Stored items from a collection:
────────

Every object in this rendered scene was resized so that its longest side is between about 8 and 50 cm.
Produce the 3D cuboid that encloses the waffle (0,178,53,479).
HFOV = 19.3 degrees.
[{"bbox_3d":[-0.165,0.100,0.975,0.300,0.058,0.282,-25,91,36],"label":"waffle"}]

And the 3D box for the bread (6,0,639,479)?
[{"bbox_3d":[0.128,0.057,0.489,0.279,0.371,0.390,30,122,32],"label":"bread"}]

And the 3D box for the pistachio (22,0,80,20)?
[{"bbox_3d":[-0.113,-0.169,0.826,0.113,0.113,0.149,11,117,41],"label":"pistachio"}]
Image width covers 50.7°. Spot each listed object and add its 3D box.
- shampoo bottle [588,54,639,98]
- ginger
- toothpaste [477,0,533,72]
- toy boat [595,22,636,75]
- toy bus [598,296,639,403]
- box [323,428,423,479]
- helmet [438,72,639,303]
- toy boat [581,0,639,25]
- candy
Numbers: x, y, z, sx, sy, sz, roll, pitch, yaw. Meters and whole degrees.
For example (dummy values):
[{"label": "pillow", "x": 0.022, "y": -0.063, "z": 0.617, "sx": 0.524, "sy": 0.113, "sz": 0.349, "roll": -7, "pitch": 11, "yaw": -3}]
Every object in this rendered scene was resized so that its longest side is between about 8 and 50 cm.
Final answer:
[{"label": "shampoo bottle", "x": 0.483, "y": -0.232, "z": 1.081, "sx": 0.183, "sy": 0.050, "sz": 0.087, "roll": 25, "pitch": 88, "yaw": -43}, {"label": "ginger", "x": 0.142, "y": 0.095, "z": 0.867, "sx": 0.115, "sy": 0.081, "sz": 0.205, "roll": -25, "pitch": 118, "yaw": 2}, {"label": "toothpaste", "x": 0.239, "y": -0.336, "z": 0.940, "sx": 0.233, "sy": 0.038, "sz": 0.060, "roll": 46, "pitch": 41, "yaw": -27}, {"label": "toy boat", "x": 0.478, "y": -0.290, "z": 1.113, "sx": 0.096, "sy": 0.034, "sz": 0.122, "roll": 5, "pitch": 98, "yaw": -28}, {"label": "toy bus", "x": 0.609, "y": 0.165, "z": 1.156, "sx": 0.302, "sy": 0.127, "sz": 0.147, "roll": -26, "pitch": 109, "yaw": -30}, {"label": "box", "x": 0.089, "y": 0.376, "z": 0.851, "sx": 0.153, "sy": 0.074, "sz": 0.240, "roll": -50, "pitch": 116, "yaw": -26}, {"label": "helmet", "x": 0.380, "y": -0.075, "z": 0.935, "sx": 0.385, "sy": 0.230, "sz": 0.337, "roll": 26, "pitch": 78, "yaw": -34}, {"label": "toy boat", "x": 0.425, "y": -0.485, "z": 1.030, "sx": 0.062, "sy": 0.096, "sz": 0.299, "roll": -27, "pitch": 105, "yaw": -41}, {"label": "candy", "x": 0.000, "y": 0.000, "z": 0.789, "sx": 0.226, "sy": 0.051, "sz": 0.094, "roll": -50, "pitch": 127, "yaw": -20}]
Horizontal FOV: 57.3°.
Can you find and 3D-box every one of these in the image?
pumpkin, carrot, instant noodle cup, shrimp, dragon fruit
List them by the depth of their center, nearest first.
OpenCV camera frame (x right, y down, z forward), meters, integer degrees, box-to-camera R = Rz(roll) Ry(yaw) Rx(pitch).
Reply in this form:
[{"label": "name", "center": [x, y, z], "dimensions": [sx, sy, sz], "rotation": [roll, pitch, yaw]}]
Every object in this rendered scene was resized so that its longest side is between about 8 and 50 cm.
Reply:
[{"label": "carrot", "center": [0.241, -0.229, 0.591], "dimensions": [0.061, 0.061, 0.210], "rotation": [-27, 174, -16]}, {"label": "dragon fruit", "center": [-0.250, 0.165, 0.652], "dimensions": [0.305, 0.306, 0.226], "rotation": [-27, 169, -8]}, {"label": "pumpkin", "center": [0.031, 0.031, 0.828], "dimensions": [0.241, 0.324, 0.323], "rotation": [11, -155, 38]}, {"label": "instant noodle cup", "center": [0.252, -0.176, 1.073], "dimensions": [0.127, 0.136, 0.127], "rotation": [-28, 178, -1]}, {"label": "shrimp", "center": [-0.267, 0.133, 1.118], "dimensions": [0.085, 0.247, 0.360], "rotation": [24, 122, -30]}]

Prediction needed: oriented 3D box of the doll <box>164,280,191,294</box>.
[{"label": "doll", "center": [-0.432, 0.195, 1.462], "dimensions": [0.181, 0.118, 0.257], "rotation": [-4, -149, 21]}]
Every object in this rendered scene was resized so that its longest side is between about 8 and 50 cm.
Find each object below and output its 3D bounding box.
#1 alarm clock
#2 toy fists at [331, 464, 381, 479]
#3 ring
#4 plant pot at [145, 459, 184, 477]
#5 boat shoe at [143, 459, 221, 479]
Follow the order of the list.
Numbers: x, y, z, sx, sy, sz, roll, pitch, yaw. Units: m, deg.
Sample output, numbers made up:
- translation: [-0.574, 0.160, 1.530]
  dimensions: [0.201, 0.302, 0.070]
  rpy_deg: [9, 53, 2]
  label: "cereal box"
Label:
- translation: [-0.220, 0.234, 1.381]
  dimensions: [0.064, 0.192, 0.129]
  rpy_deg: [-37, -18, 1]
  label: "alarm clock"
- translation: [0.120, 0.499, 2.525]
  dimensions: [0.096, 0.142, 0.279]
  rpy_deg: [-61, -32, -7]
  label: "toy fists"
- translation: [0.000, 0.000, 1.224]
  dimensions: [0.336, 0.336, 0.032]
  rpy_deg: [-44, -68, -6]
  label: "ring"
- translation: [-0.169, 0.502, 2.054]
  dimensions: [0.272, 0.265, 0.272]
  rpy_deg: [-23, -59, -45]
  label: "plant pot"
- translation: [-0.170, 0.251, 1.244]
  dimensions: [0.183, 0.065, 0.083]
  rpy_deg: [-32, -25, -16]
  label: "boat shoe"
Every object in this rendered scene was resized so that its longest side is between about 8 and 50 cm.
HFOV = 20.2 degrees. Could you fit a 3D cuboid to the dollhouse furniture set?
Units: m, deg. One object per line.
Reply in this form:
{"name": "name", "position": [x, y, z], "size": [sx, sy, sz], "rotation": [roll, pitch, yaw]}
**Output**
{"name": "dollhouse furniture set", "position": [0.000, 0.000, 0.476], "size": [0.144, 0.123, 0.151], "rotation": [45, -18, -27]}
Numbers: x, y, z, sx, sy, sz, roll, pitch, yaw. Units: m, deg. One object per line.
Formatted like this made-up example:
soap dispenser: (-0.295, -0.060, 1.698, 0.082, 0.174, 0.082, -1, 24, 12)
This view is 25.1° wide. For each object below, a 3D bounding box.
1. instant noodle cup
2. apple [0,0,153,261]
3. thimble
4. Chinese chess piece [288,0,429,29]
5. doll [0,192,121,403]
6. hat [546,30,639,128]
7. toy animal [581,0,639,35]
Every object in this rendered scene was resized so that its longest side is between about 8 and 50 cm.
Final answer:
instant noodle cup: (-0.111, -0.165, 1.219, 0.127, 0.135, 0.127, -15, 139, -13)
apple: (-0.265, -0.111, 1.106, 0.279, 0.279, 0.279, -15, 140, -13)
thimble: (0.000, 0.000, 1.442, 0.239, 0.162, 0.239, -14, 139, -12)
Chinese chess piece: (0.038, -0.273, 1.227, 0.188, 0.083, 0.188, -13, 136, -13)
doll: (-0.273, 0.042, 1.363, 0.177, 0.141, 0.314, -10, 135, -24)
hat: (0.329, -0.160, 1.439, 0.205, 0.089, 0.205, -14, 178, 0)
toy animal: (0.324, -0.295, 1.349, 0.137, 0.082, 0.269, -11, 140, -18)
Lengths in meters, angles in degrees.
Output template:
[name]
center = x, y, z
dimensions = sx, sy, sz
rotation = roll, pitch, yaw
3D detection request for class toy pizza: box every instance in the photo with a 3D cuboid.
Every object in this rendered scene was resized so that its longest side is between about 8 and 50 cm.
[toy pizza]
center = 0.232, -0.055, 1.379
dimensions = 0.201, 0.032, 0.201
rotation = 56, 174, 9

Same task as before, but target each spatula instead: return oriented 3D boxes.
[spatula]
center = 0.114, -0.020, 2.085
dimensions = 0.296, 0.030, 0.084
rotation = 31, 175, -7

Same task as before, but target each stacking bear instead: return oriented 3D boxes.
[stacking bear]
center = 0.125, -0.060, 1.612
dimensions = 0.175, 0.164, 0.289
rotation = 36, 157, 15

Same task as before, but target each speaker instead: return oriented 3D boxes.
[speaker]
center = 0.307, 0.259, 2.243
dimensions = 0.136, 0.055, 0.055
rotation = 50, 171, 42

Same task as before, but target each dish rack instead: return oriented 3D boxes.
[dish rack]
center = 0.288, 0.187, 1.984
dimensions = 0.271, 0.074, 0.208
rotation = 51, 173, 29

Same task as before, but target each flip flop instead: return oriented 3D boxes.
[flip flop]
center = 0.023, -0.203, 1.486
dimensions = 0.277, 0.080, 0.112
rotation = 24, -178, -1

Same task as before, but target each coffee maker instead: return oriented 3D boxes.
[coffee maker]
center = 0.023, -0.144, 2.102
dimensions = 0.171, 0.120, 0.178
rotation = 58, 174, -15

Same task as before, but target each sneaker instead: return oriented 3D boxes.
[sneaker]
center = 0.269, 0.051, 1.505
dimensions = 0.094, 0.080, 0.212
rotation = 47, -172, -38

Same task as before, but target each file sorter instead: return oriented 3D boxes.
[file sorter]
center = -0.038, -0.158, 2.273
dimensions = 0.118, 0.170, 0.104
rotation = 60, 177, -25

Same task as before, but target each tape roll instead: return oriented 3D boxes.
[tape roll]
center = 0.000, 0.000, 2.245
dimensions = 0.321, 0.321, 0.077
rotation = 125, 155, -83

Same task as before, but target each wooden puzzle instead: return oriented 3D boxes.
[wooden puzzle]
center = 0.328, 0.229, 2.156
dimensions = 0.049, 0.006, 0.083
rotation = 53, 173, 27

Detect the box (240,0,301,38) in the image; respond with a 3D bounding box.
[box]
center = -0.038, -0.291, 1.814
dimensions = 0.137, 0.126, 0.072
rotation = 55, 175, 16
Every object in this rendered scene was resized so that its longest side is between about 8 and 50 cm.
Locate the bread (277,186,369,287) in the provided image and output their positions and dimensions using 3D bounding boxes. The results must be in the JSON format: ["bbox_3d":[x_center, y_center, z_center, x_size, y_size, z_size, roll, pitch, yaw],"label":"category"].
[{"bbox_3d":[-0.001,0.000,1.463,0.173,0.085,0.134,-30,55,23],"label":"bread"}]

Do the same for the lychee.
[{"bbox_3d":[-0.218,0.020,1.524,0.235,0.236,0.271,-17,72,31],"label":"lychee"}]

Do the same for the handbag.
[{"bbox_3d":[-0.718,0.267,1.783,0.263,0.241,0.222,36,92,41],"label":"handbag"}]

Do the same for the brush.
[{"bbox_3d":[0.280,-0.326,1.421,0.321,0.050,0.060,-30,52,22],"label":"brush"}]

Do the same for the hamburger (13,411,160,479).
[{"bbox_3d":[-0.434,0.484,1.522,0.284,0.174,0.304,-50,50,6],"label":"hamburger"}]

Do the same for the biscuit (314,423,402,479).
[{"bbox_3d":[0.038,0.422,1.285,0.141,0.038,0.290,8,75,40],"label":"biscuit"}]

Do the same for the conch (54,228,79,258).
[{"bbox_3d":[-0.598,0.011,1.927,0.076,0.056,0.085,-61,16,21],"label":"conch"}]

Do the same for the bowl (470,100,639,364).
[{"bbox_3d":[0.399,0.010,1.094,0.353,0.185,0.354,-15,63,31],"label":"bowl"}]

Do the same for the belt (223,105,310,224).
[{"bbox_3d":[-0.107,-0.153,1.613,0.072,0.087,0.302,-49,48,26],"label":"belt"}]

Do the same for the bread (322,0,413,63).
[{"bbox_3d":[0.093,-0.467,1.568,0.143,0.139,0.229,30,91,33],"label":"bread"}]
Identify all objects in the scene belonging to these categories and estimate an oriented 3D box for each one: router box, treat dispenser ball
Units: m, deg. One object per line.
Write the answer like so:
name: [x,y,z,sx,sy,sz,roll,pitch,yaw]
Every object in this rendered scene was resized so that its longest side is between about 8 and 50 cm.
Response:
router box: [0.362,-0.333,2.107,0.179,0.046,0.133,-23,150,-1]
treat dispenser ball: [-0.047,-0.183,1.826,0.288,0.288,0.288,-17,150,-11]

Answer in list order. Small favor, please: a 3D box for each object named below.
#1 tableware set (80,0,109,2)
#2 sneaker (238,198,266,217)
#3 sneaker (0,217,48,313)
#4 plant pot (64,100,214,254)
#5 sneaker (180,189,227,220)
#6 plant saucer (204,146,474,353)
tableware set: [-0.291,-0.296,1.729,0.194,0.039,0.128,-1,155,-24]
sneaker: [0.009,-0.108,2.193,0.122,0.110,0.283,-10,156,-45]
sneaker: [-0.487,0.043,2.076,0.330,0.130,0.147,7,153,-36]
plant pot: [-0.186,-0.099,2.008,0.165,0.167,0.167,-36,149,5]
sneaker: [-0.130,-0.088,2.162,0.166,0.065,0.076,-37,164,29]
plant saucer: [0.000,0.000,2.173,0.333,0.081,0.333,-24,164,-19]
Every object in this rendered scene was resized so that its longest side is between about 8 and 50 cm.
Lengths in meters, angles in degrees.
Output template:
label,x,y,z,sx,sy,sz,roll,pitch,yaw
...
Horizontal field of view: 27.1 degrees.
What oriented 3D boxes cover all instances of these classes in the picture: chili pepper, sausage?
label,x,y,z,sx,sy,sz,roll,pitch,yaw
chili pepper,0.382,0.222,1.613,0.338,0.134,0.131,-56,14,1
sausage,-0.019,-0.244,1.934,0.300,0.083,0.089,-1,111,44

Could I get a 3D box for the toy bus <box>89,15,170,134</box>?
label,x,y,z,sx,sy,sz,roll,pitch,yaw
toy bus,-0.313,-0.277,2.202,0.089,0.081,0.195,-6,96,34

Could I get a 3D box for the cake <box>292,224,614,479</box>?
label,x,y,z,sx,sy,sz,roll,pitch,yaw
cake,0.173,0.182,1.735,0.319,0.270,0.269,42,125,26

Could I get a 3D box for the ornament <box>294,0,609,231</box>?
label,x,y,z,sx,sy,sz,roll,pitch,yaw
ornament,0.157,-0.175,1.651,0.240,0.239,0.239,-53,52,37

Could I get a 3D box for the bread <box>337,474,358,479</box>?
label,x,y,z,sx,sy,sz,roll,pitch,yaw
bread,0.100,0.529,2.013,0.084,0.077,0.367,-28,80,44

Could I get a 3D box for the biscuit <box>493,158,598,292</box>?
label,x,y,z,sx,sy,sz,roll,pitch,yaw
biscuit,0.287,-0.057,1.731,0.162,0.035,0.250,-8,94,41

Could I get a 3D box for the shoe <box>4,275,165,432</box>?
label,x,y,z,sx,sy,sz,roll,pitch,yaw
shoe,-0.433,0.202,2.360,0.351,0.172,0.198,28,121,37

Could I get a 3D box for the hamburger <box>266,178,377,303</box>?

────────

Using the records above, please repeat the line with "What oriented 3D" and every line after it exactly, and give no other text.

What oriented 3D boxes cover all instances of these classes in the picture: chili pepper, sausage?
label,x,y,z,sx,sy,sz,roll,pitch,yaw
chili pepper,0.382,0.222,1.613,0.338,0.134,0.131,-56,14,1
sausage,-0.019,-0.244,1.934,0.300,0.083,0.089,-1,111,44

Could I get a 3D box for the toy bus <box>89,15,170,134</box>?
label,x,y,z,sx,sy,sz,roll,pitch,yaw
toy bus,-0.313,-0.277,2.202,0.089,0.081,0.195,-6,96,34

Could I get a 3D box for the cake <box>292,224,614,479</box>?
label,x,y,z,sx,sy,sz,roll,pitch,yaw
cake,0.173,0.182,1.735,0.319,0.270,0.269,42,125,26

Could I get a 3D box for the ornament <box>294,0,609,231</box>?
label,x,y,z,sx,sy,sz,roll,pitch,yaw
ornament,0.157,-0.175,1.651,0.240,0.239,0.239,-53,52,37

Could I get a 3D box for the bread <box>337,474,358,479</box>?
label,x,y,z,sx,sy,sz,roll,pitch,yaw
bread,0.100,0.529,2.013,0.084,0.077,0.367,-28,80,44

Could I get a 3D box for the biscuit <box>493,158,598,292</box>?
label,x,y,z,sx,sy,sz,roll,pitch,yaw
biscuit,0.287,-0.057,1.731,0.162,0.035,0.250,-8,94,41

Could I get a 3D box for the shoe <box>4,275,165,432</box>?
label,x,y,z,sx,sy,sz,roll,pitch,yaw
shoe,-0.433,0.202,2.360,0.351,0.172,0.198,28,121,37

Could I get a 3D box for the hamburger <box>266,178,377,303</box>?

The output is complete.